Kutsal kitabımız Kur’an-ı Kerim’de en çok üzerinde durulan konular inanç esaslarıdır. Yüce Allah’ın varlığına, birliğine, meleklere, kitaplara, peygamberlere, ahirete, hayır ve şerrin Allah’tan olduğuna inanmak dinimizin temelidir. İslam dininin inanç esasları konusunda Müslümanlar arasında hiçbir fikir ayrılığı söz konusu değildir.
Hz. Muhammed (s.a.v.) zamanında, Müslümanlar arasında ne inanç ve ibadetler ne de dinî uygulamalar konusunda hiçbir görüş ayrılığı yoktu. Bütün Müslümanlar Kur’an’da yer alan emir ve ilkeleri Hz. Peygamberin açıkladığı şekilde anlamaya, uygulamaya özen gösteriyordu. Yeni bir durum veya herhangi bir mesele ortaya çıktığında Müslümanlar hemen Hz. Peygambere gidip onun görüşünü alıyorlardı. Peygamberimizin açıklamalarını sorgulamadan kabul edip uyguluyorlardı. Ancak Hz.

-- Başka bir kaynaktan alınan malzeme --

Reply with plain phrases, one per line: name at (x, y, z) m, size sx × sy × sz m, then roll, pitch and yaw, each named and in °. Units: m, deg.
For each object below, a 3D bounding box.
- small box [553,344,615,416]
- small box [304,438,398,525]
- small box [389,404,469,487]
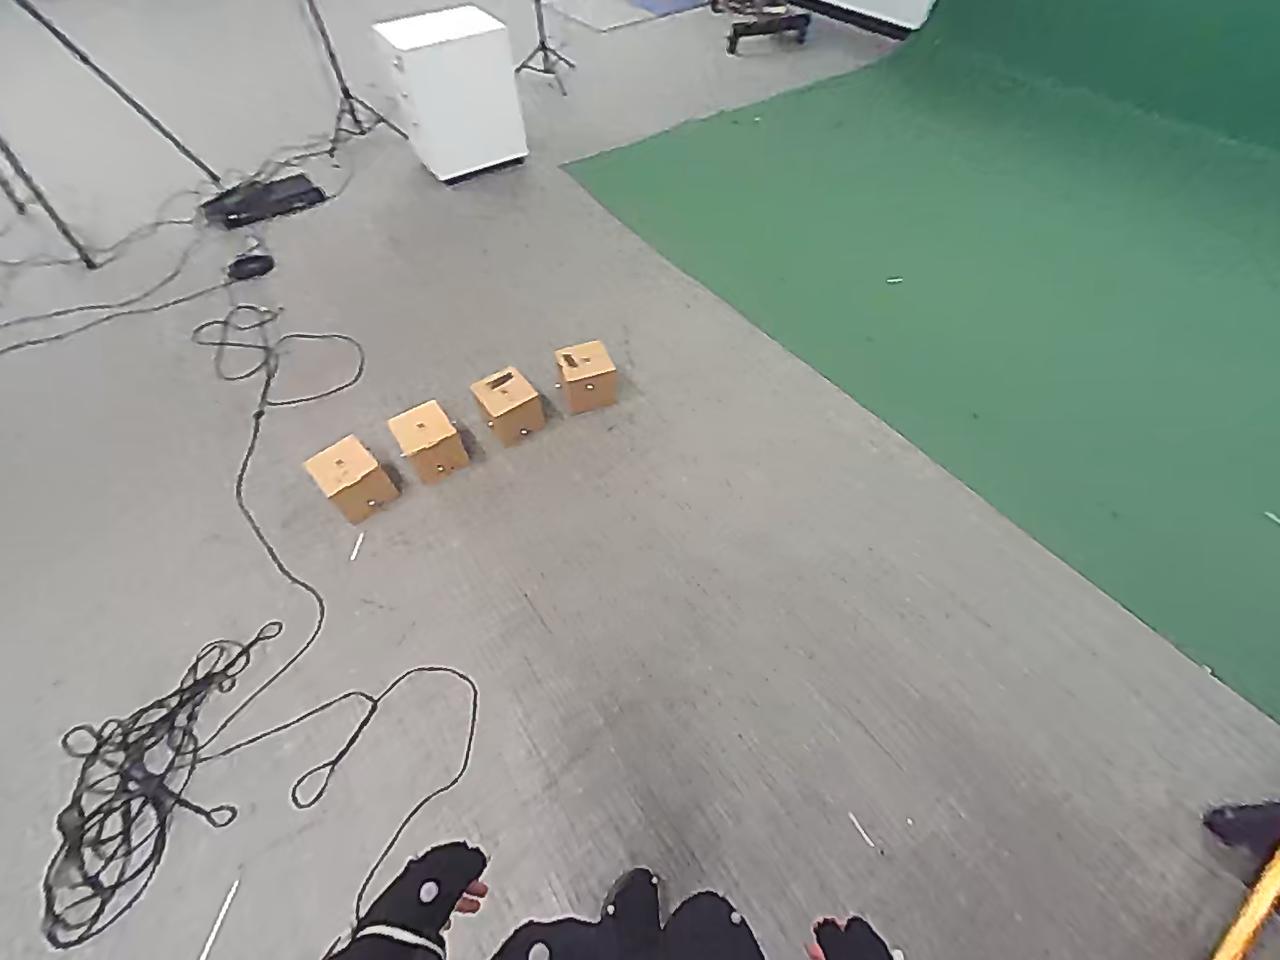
small box at (-0.195, -0.351, 1.930) m, size 0.179 × 0.176 × 0.168 m, roll -17°, pitch 57°, yaw -13°
small box at (-0.891, 0.009, 1.681) m, size 0.168 × 0.176 × 0.179 m, roll -39°, pitch 63°, yaw -22°
small box at (-0.686, -0.111, 1.766) m, size 0.168 × 0.176 × 0.179 m, roll -31°, pitch 61°, yaw -19°

Muhammed’in (s.a.v.) vefatından sonra bu durum değişti. İslam dini Arab Yarımadası dışında geniş bir coğrafyada yayıldı. Suriye, Irak, Mısır, İran, Anadolu, Orta Asya ve Afrika’ya kadar farklı bölgelerden, farklı kültürlere mensup pek çok kişi Müslüman oldu. Bunlar arasında köklü Yunan, Pers (İran) ve Hint medeniyetlerine mensup kimseler de vardı. Yeni Müslüman olan kimseler eski kültürlerinden tam olarak kopamadılar. Kendilerine ait örf ve âdetleri, gelenek ve görenekleri yaşatmaya devam ettiler. Bu süreçte yoğun bir tercüme faaliyeti de başladı. Özellikle Yunan kültür ve felsefesine ait eserler Arapçaya çevrildi. Müslümanlar arasında felsefi tartışmalar ve kültürel çatışmalar ortaya çıktı. Bazı art niyetli kişiler de İslam’ın ilkelerini, inanç esaslarını sorgulamaya başladılar. Toplumda fitne tohumları ekerek Müslümanlarda şüphe oluşturmaya çalıştılar.

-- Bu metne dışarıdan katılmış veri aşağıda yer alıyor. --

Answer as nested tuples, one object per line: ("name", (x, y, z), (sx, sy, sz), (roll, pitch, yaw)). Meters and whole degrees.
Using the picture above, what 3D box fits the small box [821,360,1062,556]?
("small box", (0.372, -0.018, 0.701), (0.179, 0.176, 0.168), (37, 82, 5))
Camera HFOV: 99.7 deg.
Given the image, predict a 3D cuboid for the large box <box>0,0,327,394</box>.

Hz. Peygamberin vefatından sonra, İslam’ın hızla yayılmasına bağlı olarak ortaya çıkan kültürel kargaşa gittikçe artıyordu. Toplumda İslam’ın inanç esaslarıyla ilgili şüpheler de yayılıyordu. İşte böyle bir ortamda İslam’ın ilkelerinin ayet ve hadislere dayalı olarak mantıklı ve akılcı bir şekilde savunulması gerekiyordu. İslam âlimleri de bu doğrultuda çalışmalar yaptılar. Dinimizin inanç esaslarını, ahlaki ilkelerini sistemli bir şekilde açıklayıp temellendirdiler. Ortaya atılan şüpheleri, dayanaksız iddiaları akılcı bir şekilde reddettiler. Dinimizin ilkelerini açıkça ifade edip savundular. Geçmişte İslam âlimleri tarafından bu doğrultuda yapılan bazı çalışmalar ve ortaya konulan bazı görüşler Müslümanlar tarafından daha çok benimsendi. Onların görüşleri sistemli hâle getirilip toplandı. İşte bu da İslam kültüründe inançla ilgili (itikadi) yorumların ortaya çıkmasını sağladı., Eş’arilik ve Şiilik İslam dünyasında ortaya çıkmış başlıca itikadi yorumlardandır. Allah’ın sıfat ve fiilleri başta olmak üzere inanç konularıyla ilgili ayet ve hadisleri olduğu gibi kabul eden, bunlar üzerinde hiçbir yorum yapmayan selefiyye de İslam dünyasındaki en önemli itikadi yorumlardan biridir.